みつる君だって、咲音ちゃんだって、大きく頷きます。
「うん、わかった。もし赤野っちじゃないなあって思ったら、激辛スープを飲ませることにするね」
「わたくしは、スカンクさんの力を借りて臭い匂いをお見舞いします!」
「……」
劉生君は、絶対に魔神に乗っ取られてはいけないなと、強く決意しました。
「……あの、蒼さん」
吉人君が身体を縮めています。
「……疑ってすみません。僕、魔王の策略に乗ってしまって、あなたを疑ってしまいました」
「ううん、吉人君は悪くないよ。悪いのはちゃんと説明できなかったボクだから」
橙花ちゃんは気にしてはいません。けれど、吉人君はひどく落ち込んでしまっています。李火君はちらりと吉人君を見ると、大げさに肩をすくねます。

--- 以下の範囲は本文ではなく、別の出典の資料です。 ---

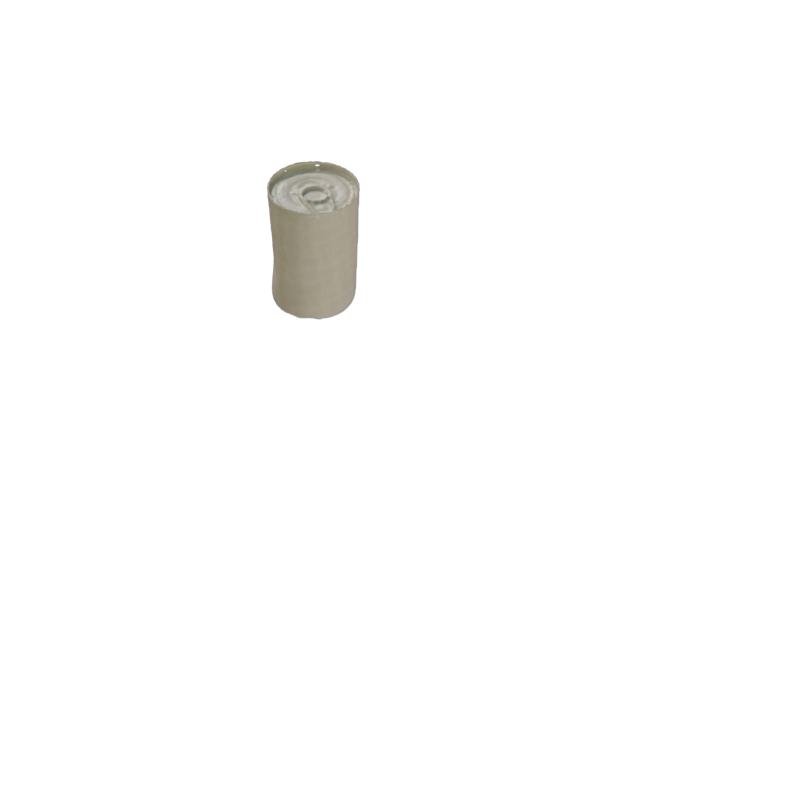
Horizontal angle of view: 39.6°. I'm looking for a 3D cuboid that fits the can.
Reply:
[{"bbox_3d":[-0.066,-0.120,0.838,0.068,0.095,0.073,0,41,-3],"label":"can"}]

「そうそう。彼は悪くないよ。悪いのはそこの自己犠牲秘密主義ウーマンのせいだからね」
「……否定できないのがむかつく」
橙花ちゃんは拳を握り締め、肩を震わせます。橙花ちゃんらしくない姿に、ついついみんな笑ってしまいます。
李火君も小さく笑います。けれど、その表情はどこか冷え切っていました。